* _What needs to be done_
Every line with the string "each" in it belongs in your answer, so copy them all from the data.

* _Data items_
-- Opening Marker --

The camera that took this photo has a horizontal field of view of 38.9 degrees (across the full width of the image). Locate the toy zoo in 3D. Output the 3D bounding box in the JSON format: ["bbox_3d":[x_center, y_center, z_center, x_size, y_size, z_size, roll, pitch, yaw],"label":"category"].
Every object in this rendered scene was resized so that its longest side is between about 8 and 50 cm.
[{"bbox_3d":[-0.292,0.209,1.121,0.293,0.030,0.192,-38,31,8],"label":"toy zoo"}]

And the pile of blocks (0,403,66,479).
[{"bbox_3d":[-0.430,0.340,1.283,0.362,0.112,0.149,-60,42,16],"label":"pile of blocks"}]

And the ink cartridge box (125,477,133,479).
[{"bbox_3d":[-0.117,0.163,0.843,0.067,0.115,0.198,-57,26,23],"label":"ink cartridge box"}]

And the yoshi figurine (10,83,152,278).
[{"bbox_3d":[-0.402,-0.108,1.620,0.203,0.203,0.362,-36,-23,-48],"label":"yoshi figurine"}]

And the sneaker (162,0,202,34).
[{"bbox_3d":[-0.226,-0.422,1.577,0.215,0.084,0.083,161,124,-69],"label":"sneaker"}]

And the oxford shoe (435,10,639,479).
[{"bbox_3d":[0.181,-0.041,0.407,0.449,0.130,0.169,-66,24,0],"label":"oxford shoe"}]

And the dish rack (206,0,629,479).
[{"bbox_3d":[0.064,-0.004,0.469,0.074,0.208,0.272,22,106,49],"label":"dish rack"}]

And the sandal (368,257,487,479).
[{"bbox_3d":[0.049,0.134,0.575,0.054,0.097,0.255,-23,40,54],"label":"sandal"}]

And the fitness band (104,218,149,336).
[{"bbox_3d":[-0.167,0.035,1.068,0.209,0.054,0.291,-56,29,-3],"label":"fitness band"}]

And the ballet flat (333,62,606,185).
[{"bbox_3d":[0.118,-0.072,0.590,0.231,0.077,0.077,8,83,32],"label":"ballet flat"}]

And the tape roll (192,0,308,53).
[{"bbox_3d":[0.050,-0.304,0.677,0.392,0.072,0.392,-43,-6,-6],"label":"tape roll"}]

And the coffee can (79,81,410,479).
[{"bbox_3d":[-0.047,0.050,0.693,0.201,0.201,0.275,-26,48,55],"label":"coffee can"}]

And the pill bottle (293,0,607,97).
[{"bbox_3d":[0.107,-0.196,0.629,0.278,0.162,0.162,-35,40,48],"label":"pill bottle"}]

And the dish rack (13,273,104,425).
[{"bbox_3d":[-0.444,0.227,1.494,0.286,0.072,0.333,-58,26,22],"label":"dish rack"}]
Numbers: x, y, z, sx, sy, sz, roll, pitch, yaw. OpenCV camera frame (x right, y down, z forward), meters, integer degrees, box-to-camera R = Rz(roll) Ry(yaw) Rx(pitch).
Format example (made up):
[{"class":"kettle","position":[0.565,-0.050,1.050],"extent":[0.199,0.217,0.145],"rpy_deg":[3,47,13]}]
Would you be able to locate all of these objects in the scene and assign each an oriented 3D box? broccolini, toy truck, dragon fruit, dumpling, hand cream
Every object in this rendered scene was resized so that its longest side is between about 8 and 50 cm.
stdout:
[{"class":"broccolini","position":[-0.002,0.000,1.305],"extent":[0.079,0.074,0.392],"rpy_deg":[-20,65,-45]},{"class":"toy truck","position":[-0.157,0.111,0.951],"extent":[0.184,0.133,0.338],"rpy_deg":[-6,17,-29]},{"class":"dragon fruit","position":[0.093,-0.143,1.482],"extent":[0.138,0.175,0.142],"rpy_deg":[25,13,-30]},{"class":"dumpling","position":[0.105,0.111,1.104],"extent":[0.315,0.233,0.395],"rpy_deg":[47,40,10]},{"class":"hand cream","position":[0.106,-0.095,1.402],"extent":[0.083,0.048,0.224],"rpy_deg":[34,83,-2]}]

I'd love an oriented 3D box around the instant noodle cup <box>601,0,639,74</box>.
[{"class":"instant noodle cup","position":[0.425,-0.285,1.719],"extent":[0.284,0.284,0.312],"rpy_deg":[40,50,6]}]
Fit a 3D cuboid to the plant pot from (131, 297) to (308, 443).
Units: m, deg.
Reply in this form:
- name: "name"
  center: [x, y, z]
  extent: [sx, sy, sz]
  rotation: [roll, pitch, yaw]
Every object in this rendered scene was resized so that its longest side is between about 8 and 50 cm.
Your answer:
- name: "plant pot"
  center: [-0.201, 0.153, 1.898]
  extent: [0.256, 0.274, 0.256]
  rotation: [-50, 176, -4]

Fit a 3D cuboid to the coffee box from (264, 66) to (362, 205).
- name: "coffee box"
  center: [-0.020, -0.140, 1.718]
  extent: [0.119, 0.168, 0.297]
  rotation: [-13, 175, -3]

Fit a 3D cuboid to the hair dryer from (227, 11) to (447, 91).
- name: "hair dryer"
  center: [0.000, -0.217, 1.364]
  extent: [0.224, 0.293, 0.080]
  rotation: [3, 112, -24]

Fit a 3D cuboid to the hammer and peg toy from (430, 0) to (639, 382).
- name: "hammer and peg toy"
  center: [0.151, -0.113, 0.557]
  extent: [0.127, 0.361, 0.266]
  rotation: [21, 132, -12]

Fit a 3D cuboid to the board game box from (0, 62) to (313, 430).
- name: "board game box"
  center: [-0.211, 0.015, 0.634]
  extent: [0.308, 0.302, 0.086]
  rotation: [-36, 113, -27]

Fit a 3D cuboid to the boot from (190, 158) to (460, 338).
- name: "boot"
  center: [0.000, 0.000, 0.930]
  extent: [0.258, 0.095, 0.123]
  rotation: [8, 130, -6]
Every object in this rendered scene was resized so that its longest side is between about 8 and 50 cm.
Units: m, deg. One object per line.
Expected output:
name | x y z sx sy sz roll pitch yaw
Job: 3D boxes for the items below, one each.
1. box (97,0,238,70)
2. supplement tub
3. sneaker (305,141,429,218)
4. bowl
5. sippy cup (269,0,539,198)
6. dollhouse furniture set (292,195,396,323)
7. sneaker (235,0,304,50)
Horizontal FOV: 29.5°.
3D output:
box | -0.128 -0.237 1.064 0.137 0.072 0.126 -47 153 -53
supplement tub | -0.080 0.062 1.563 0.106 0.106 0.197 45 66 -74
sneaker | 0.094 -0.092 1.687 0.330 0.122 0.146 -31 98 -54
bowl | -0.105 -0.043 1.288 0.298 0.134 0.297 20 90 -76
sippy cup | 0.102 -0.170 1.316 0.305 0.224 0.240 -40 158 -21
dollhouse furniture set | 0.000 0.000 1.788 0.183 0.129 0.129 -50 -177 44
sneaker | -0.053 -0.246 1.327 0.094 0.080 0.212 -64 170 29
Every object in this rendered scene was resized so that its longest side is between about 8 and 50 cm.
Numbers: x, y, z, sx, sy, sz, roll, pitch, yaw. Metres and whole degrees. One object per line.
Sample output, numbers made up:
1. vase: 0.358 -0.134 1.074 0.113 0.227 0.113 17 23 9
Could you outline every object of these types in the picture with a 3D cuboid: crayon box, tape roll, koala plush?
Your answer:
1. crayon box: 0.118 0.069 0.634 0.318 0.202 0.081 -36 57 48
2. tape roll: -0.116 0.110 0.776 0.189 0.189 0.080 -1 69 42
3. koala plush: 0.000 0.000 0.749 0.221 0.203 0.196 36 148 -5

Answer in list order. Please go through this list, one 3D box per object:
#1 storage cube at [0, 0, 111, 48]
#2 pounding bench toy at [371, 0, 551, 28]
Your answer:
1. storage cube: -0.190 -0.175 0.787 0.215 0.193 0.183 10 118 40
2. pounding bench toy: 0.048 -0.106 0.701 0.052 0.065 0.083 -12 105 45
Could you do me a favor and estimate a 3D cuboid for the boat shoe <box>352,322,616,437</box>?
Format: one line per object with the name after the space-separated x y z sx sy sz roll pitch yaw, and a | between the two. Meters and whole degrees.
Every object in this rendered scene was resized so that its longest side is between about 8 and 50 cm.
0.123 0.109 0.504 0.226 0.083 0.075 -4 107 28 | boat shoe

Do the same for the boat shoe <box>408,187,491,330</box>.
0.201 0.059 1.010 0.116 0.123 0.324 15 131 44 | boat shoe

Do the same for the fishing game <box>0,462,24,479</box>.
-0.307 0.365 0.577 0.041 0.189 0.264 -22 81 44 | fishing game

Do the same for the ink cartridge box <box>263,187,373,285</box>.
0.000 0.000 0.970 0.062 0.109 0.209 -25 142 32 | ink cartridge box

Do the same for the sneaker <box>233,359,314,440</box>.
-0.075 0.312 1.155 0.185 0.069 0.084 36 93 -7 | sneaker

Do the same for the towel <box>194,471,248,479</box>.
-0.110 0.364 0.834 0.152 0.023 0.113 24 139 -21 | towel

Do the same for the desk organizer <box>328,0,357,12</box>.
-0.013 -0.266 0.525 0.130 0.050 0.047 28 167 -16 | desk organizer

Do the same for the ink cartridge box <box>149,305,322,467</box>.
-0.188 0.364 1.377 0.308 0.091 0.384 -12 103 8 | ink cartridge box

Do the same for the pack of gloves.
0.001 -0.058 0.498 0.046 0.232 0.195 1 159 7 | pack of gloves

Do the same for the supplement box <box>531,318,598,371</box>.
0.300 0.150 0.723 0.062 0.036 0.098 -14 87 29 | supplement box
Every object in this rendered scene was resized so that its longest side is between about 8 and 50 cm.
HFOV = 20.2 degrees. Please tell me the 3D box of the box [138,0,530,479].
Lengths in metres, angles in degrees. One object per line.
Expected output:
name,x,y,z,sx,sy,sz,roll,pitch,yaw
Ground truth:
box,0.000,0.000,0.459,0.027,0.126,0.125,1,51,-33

-- Closing Marker --

* _Task response_
Would you be able to locate all of these objects in the scene and assign each an oriented 3D box? broccolini, toy truck, dragon fruit, dumpling, hand cream
Job: 3D boxes for the items below, one each.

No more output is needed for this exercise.